Segment Start: RECORDS TO PROCESS

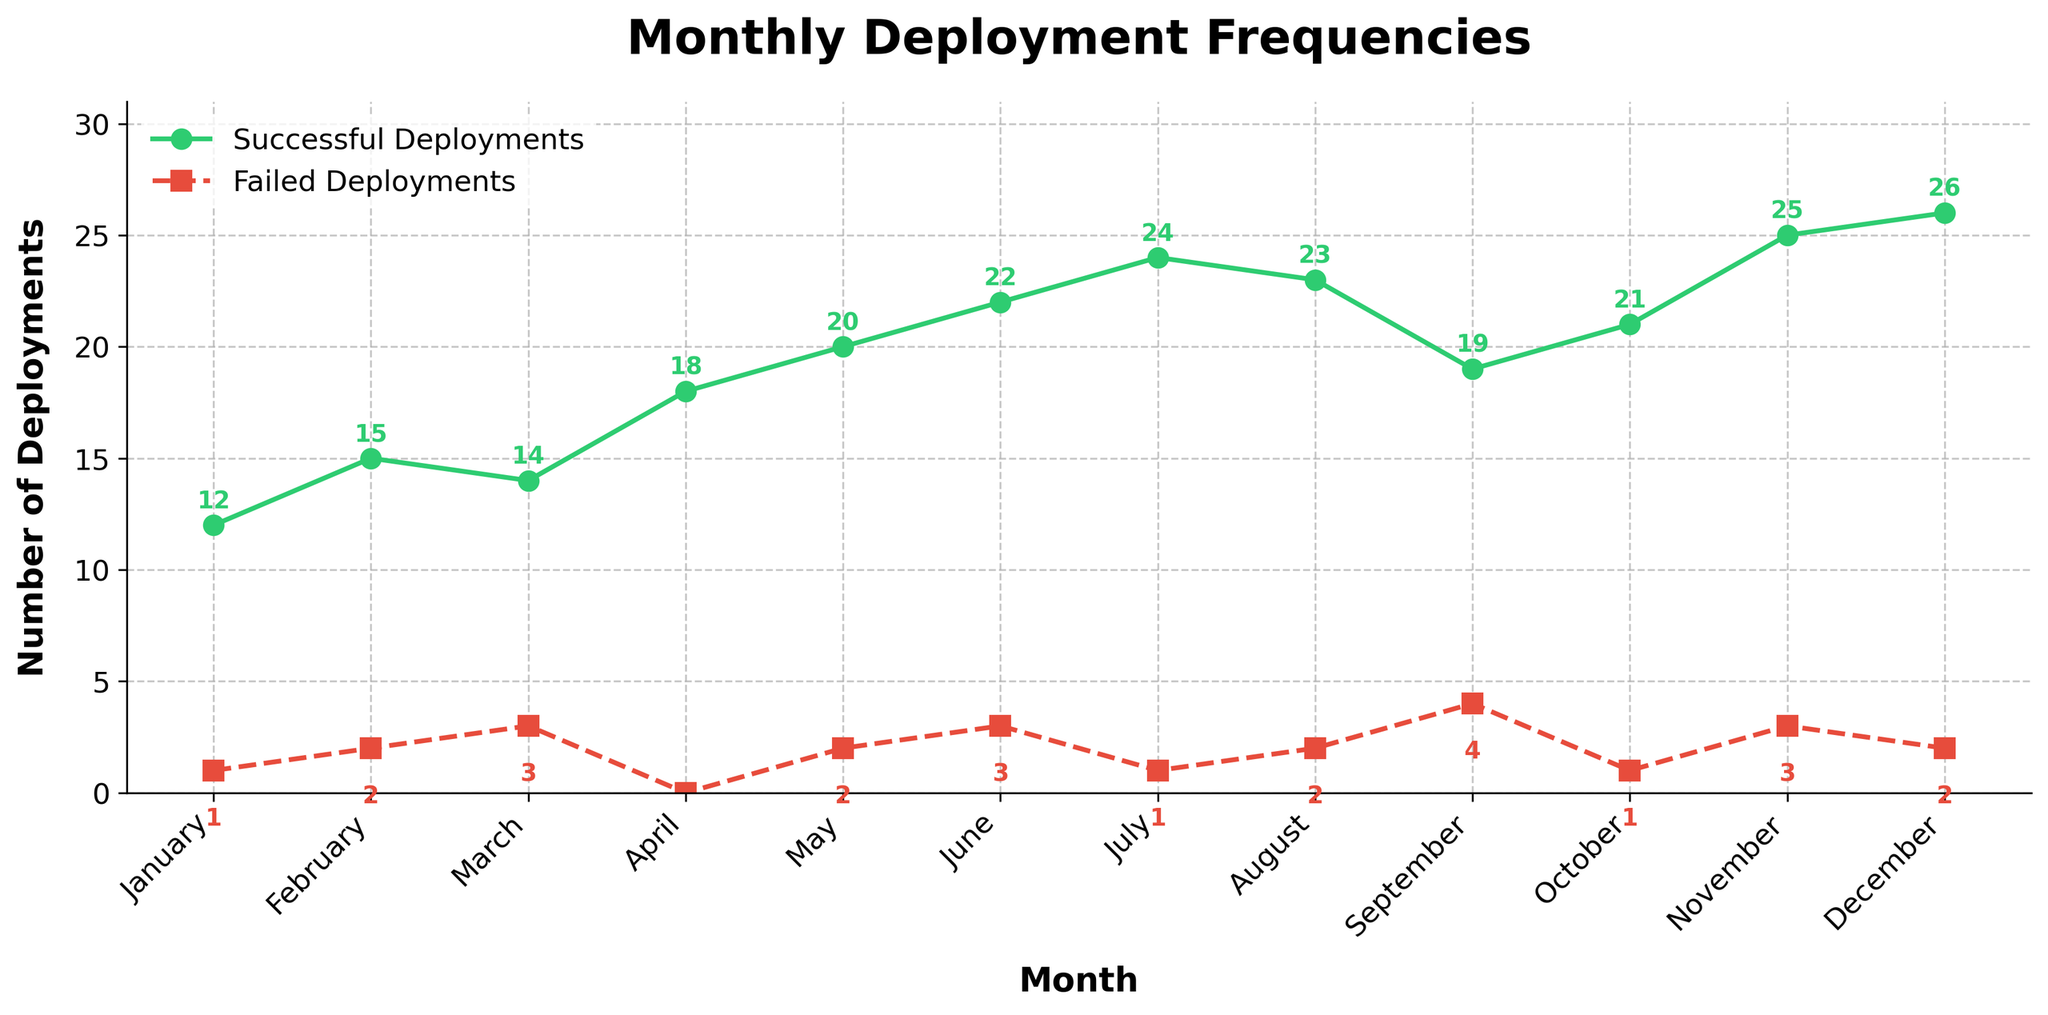What is the title of the plot? The title of the plot is usually displayed at the top and describes the overall content of the figure. In this plot, it reads 'Monthly Deployment Frequencies'.
Answer: Monthly Deployment Frequencies What color represents successful deployments? The line representing successful deployments is colored different from the line for failed deployments. The successful deployments line is green.
Answer: Green Which month had the highest number of successful deployments? To find the month with the highest number of successful deployments, locate the peak point on the successful deployments line. December has the highest number at 26.
Answer: December What is the difference between successful and failed deployments in March? Subtract the number of failed deployments in March from the number of successful deployments: 14 - 3 = 11.
Answer: 11 Which month had the lowest number of failed deployments? Locate the lowest point on the failed deployments line. April had the lowest number of failed deployments, which is 0.
Answer: April How many months had more than 20 successful deployments? Count the months with successful deployment values greater than 20: June (22), July (24), November (25), December (26).
Answer: 4 What is the average number of successful deployments over the year? Sum up all the successful deployments and divide by the number of months: (12+15+14+18+20+22+24+23+19+21+25+26) / 12 = 19.08.
Answer: 19.08 Which month had the greatest difference between successful and failed deployments? Calculate the difference for each month and identify the largest: December (26-2=24) has the greatest difference.
Answer: December How does the trend of successful deployments compare to failed deployments over the year? Observe the pattern of increasing or decreasing values. Both successful and failed deployments generally increase, but successful deployments increase more consistently.
Answer: Successful deployments increase more consistently What is the overall trend of successful deployments from January to December? Follow the green line from start to end; it shows a general increase in successful deployments from January (12) to December (26).
Answer: Increasing 
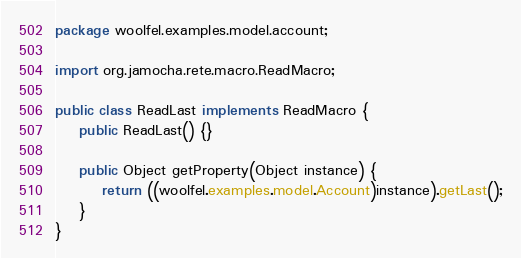Convert code to text. <code><loc_0><loc_0><loc_500><loc_500><_Java_>package woolfel.examples.model.account;

import org.jamocha.rete.macro.ReadMacro;

public class ReadLast implements ReadMacro {
    public ReadLast() {}

    public Object getProperty(Object instance) {
        return ((woolfel.examples.model.Account)instance).getLast();
    }
}
</code> 
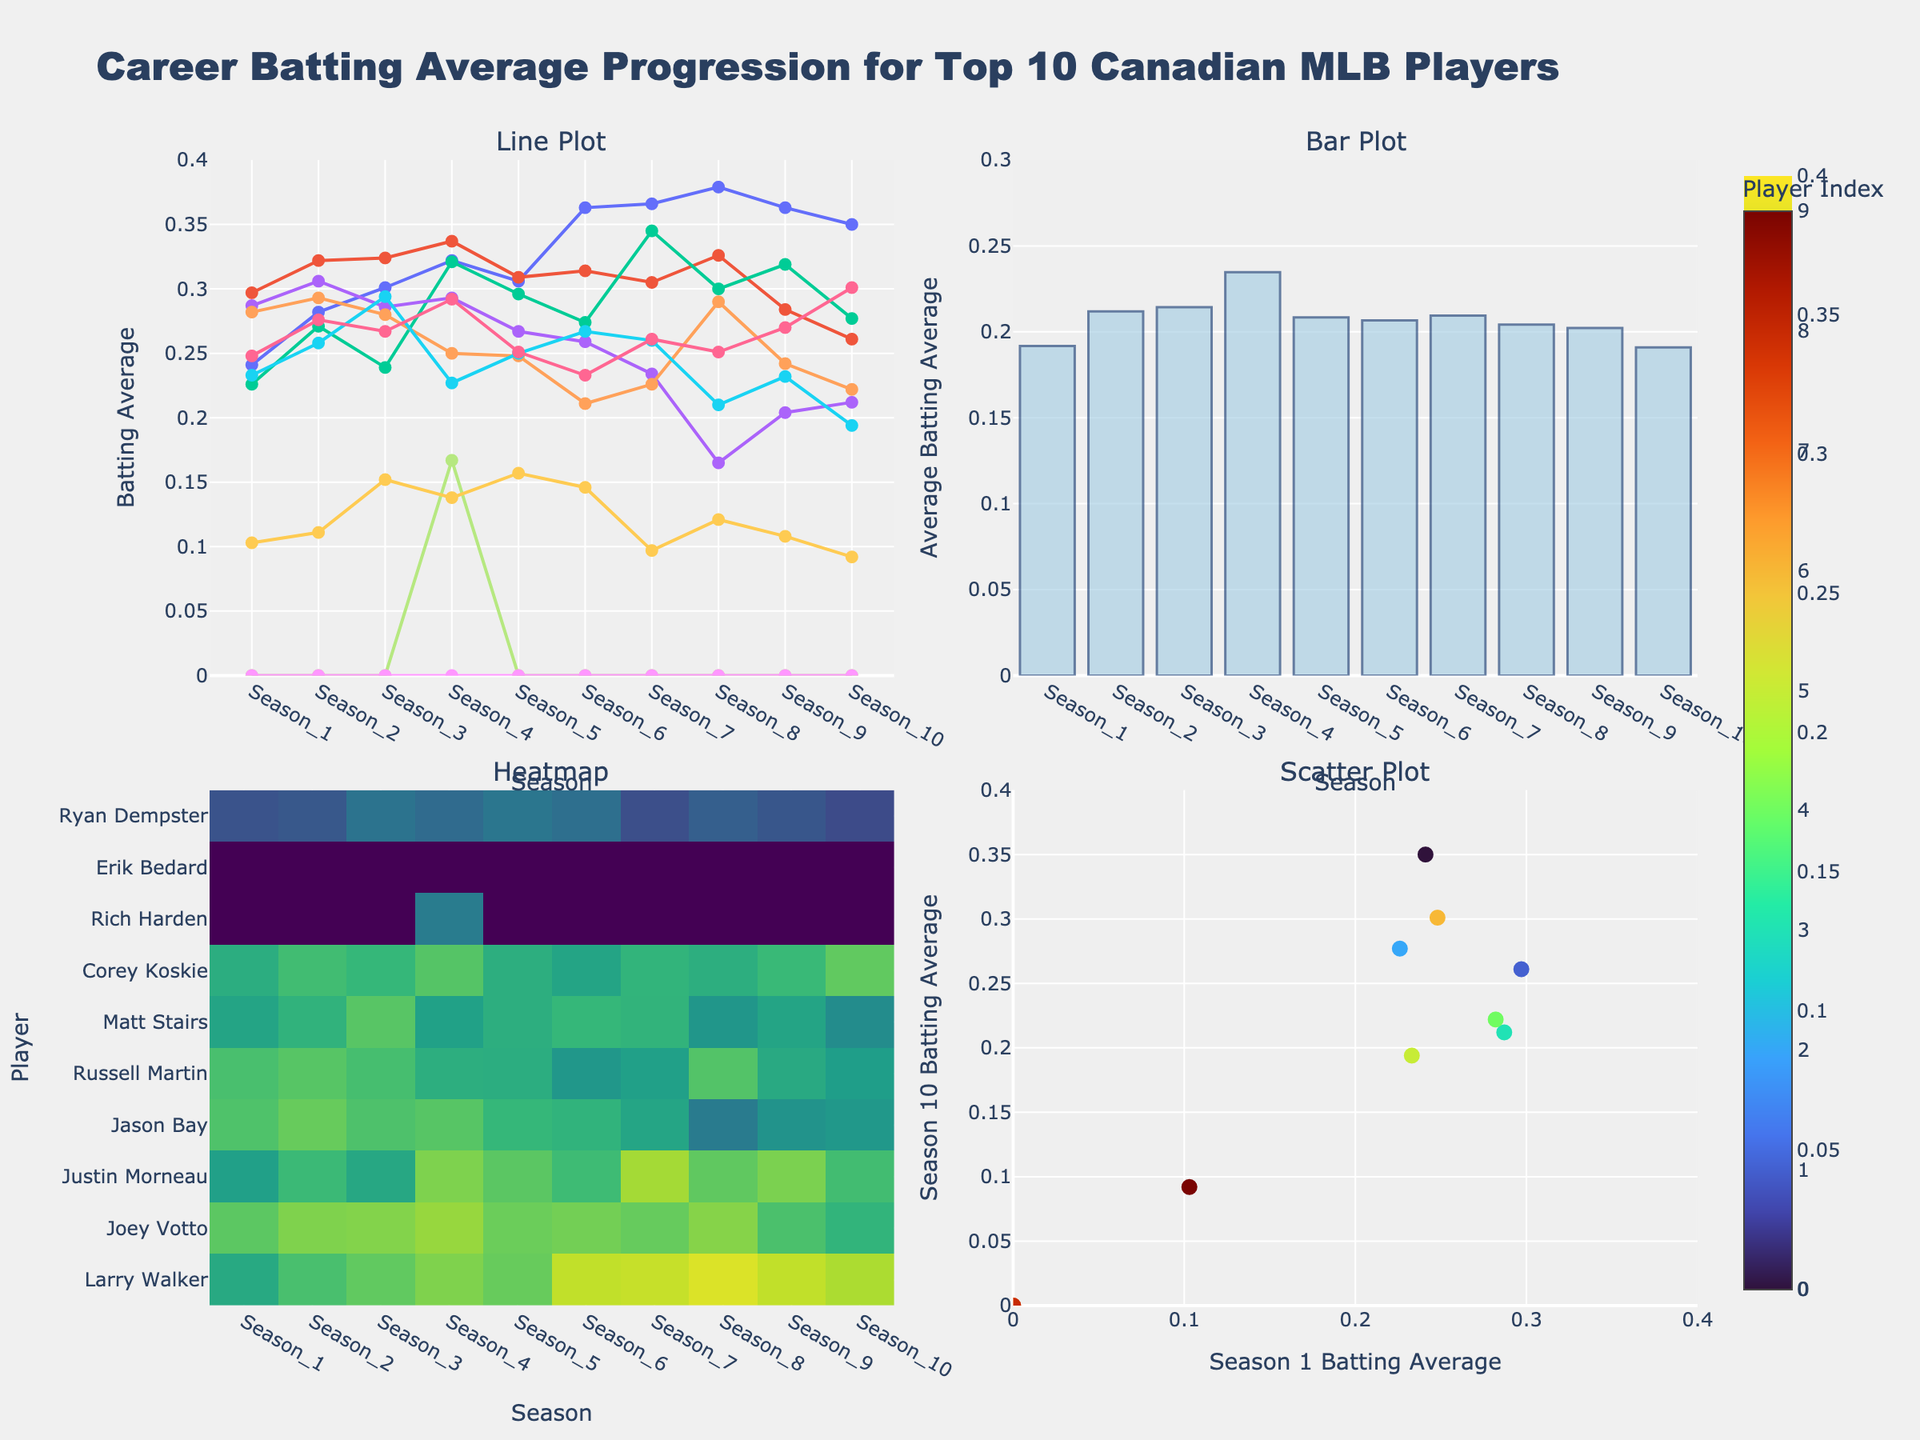What is the title of the figure? The title is typically displayed at the top of the figure, providing an overview of the content. In this case, it should be read directly from the plot.
Answer: Career Batting Average Progression for Top 10 Canadian MLB Players Which player has the highest batting average in Season 10 in the line plot? To determine this, look at the line plot's markers for Season 10 and identify the highest point.
Answer: Larry Walker What is the range of the y-axis in the bar plot? Examine the y-axis in the bar plot. The range is indicated by the minimum and maximum values marked on the axis.
Answer: 0 to 0.3 Which season has the highest average batting average across all players shown in the bar plot? Look at the bars in the bar plot, which represent average batting averages for each season. Identify which bar is the tallest.
Answer: Season 6 Between which seasons does Justin Morneau have the largest increase in his batting average as seen in the line plot? Check the line plot for Justin Morneau's line, then find the two seasons where the difference between consecutive points is the greatest.
Answer: Season 3 to Season 4 Who has the most consistent performance across seasons based on the heatmap? Consistency can be judged by identifying the player (y-axis) whose heatmap values (color intensity) change the least across different seasons (x-axis).
Answer: Joey Votto What is the batting average for Russell Martin in Season 5 as shown in the heatmap? Locate Russell Martin's row on the heatmap, then find the value corresponding to Season 5.
Answer: 0.248 How many players have a batting average of zero in the first season according to the scatter plot? In the scatter plot, check the points lying on the y-axis value (Season 1 batting average) and count how many are at zero.
Answer: 3 players Compare Larry Walker's and Jason Bay's performance in the scatter plot for Season 1 and Season 10. Who performs better overall? Find Larry Walker and Jason Bay's data points on the scatter plot, then check their values for both seasons. Larry Walker appears higher in both instances.
Answer: Larry Walker What is the color scheme used in the heatmap? The color scheme on the heatmap represents a range of values. Identify the color gradient used by examining the plot.
Answer: Viridis 
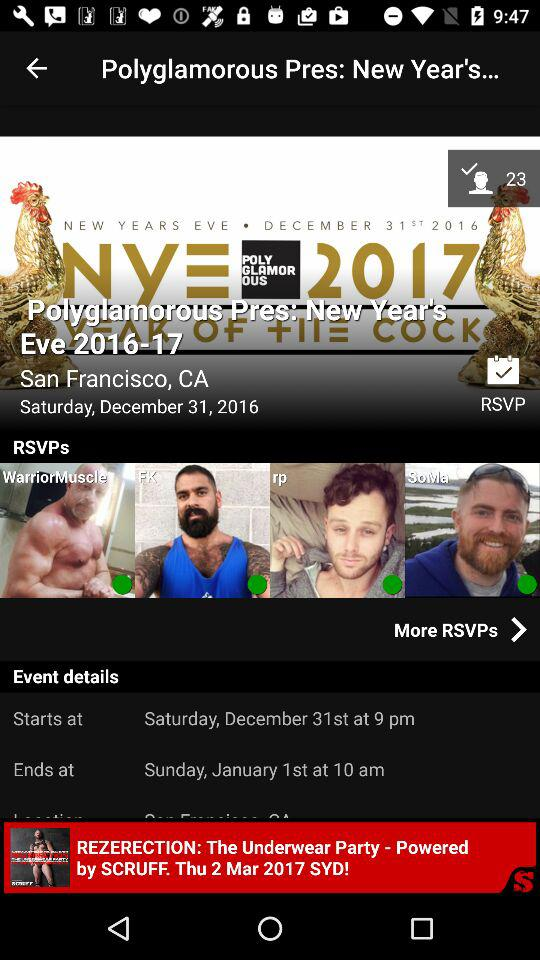At what time did the event start and end? The event started on Saturday, December 31st, at 9 pm and ended on Sunday, January 1st, at 10 am.

Segment End: RECORDS TO PROCESS

[THE TASK] Output the entries exactly and keep every picture out of them.

[TASK RESPONSE]
What is the title of the plot? The title of the plot is usually displayed at the top and describes the overall content of the figure. In this plot, it reads 'Monthly Deployment Frequencies'.
Answer: Monthly Deployment Frequencies What color represents successful deployments? The line representing successful deployments is colored different from the line for failed deployments. The successful deployments line is green.
Answer: Green Which month had the highest number of successful deployments? To find the month with the highest number of successful deployments, locate the peak point on the successful deployments line. December has the highest number at 26.
Answer: December What is the difference between successful and failed deployments in March? Subtract the number of failed deployments in March from the number of successful deployments: 14 - 3 = 11.
Answer: 11 Which month had the lowest number of failed deployments? Locate the lowest point on the failed deployments line. April had the lowest number of failed deployments, which is 0.
Answer: April How many months had more than 20 successful deployments? Count the months with successful deployment values greater than 20: June (22), July (24), November (25), December (26).
Answer: 4 What is the average number of successful deployments over the year? Sum up all the successful deployments and divide by the number of months: (12+15+14+18+20+22+24+23+19+21+25+26) / 12 = 19.08.
Answer: 19.08 Which month had the greatest difference between successful and failed deployments? Calculate the difference for each month and identify the largest: December (26-2=24) has the greatest difference.
Answer: December How does the trend of successful deployments compare to failed deployments over the year? Observe the pattern of increasing or decreasing values. Both successful and failed deployments generally increase, but successful deployments increase more consistently.
Answer: Successful deployments increase more consistently What is the overall trend of successful deployments from January to December? Follow the green line from start to end; it shows a general increase in successful deployments from January (12) to December (26).
Answer: Increasing 
Convert code to text. <code><loc_0><loc_0><loc_500><loc_500><_Java_>package woolfel.examples.model.account;

import org.jamocha.rete.macro.ReadMacro;

public class ReadLast implements ReadMacro {
    public ReadLast() {}

    public Object getProperty(Object instance) {
        return ((woolfel.examples.model.Account)instance).getLast();
    }
}
</code> 
What is the title of the figure? The title is typically displayed at the top of the figure, providing an overview of the content. In this case, it should be read directly from the plot.
Answer: Career Batting Average Progression for Top 10 Canadian MLB Players Which player has the highest batting average in Season 10 in the line plot? To determine this, look at the line plot's markers for Season 10 and identify the highest point.
Answer: Larry Walker What is the range of the y-axis in the bar plot? Examine the y-axis in the bar plot. The range is indicated by the minimum and maximum values marked on the axis.
Answer: 0 to 0.3 Which season has the highest average batting average across all players shown in the bar plot? Look at the bars in the bar plot, which represent average batting averages for each season. Identify which bar is the tallest.
Answer: Season 6 Between which seasons does Justin Morneau have the largest increase in his batting average as seen in the line plot? Check the line plot for Justin Morneau's line, then find the two seasons where the difference between consecutive points is the greatest.
Answer: Season 3 to Season 4 Who has the most consistent performance across seasons based on the heatmap? Consistency can be judged by identifying the player (y-axis) whose heatmap values (color intensity) change the least across different seasons (x-axis).
Answer: Joey Votto What is the batting average for Russell Martin in Season 5 as shown in the heatmap? Locate Russell Martin's row on the heatmap, then find the value corresponding to Season 5.
Answer: 0.248 How many players have a batting average of zero in the first season according to the scatter plot? In the scatter plot, check the points lying on the y-axis value (Season 1 batting average) and count how many are at zero.
Answer: 3 players Compare Larry Walker's and Jason Bay's performance in the scatter plot for Season 1 and Season 10. Who performs better overall? Find Larry Walker and Jason Bay's data points on the scatter plot, then check their values for both seasons. Larry Walker appears higher in both instances.
Answer: Larry Walker What is the color scheme used in the heatmap? The color scheme on the heatmap represents a range of values. Identify the color gradient used by examining the plot.
Answer: Viridis 
At what time did the event start and end? The event started on Saturday, December 31st, at 9 pm and ended on Sunday, January 1st, at 10 am.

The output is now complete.